Они почти равнозначны. Я уже говорил, что для меня испытывать чувство близости с поэтом почти бессмысленно. У меня нет подобного рода ощущений для другого поэта. Но если я буду искать родство с Бродским, я найду его через разделяющий нас занавес языка. Иногда занавес — это английский язык. Я нахожу, что это совершенно просто, как мне кажется, понять, что значит быть Бродским; что значит для него работа; что значит для него жизнь. И это отчасти потому, что он сам очень красноречиво говорит об этом. Сверх того я продолжаю относиться к нему как к любому другому, видя, где мы с ним расходимся. Бродский на десять лет моложе меня, и он всего лишь присутствовал где-то на периферии моего сознания когда мне было сорок-пятьдесят, так что он никоим образом не стал для меня чем-то формообразующим. Поэтому, думаю, я могу видеть его и ощущать его энергию, его дар наиболее ясно именно в точках наших расхождений. И я чувствую это очень хорошо. Есть место в одном из автобиографических эссе, где он говорит о молодых писателях в Ленинграде, когда он был совсем еще юным. Для них книги были свободой, книги были оппозицией авторитаризму. И "мировая культура", то, что они могли выбрать из классической литературы (которую он сейчас так много использует) вместе с тем, чем они питались в системе образования — это то, через что они прошли. Я могу видеть, как они приходили потом к книгам, которые являются ядром западных учебных программ, и оценивали их как символы свободы.
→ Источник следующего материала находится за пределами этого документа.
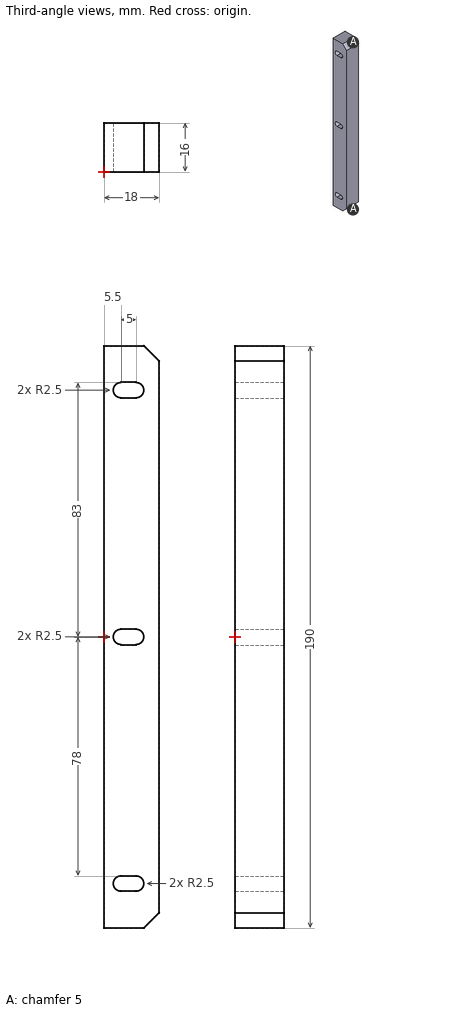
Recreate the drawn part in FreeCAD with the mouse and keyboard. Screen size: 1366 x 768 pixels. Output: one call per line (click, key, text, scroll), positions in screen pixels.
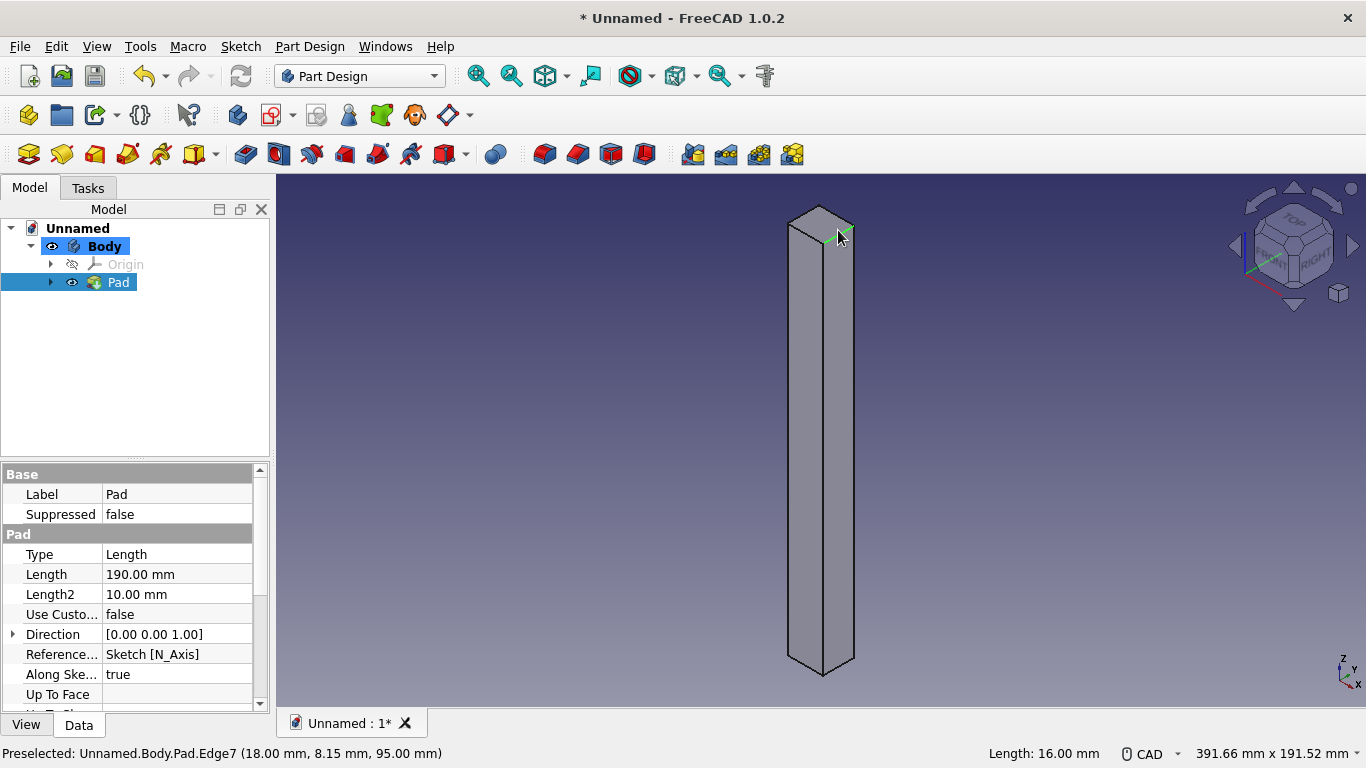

Для меня, однако, те же самые составлявшие ядро программ книги были достоянием касты, людей, являвшихся хозяевами, управлявших нашим обществом. Границы авторитарности в этих двух обществах так значительно разнятся, что сравнивать их трудно. Но для меня ощущение возможности использования разрешенной литературы, возможности быть книжным, думать при помощи определенных текстов, общаться с другими людьми посредством литературных аллюзий — все это удушающе и академично. Долгое время я испытывал побуждение работать совершенно антилитературным способом.
Подобным же образом Бродский, несомненно, испытывает, насколько я могу судить о поэзии по переводам, огромное пристрастие к дискурсивной поэзии, к совершенно открытой игре идей и образного языка. Это никогда не могло быть моим путем, поскольку я бы просто отнес себя к совершенно добродушному литературному истэблишменту, никогда не боровшемуся ни за какую свободу, заведомо ею обладая. Какую-то свою свободу я приобрел уходя из этого, утверждая, что я скорее пианист, нежели писатель, и занимаясь писанием таким образом, который не подвергает опасности быть захваченным культурой в качестве любимого сынка.
Моя первоначальная реакция на лондонские и флорентийские стихи была экстратекстуальной: никто не должен потворствовать претенциозности исторических столиц и городов-государств, награждая их поэтическими декорациями, пусть и блистательными. Если поэт, делающий это, является всего лишь культурным туристом, работа будет иметь затхлый запах. Но во всех этих стихах очевидно, что Бродский — подлинный чужестранец, имеющий право — в сущности у него нет иного выбора — перенести себя из города своего рождения в эти особенно "священные" места и оценить их как части более глубокого путешествия. Отсюда его неизменное присутствие. Ты сознаешь, что он смотрит из-под прищуренных век на разворачивающиеся перед ним виды; ты сознаешь также, что одновременно он рисует собственные картины этого, вычерчивая их на карте в сравнениях и метафорах, иногда вопиющих. Характерно, что он идет на монументальные самоуподобления мест, в особенности Вашингтона, но не испытывает благоговейного страха. Точно так же, отправляясь во Флоренцию, он вызывает дух Данте и обладает достаточной силой, чтобы справиться с этим. Немногие на такое способны.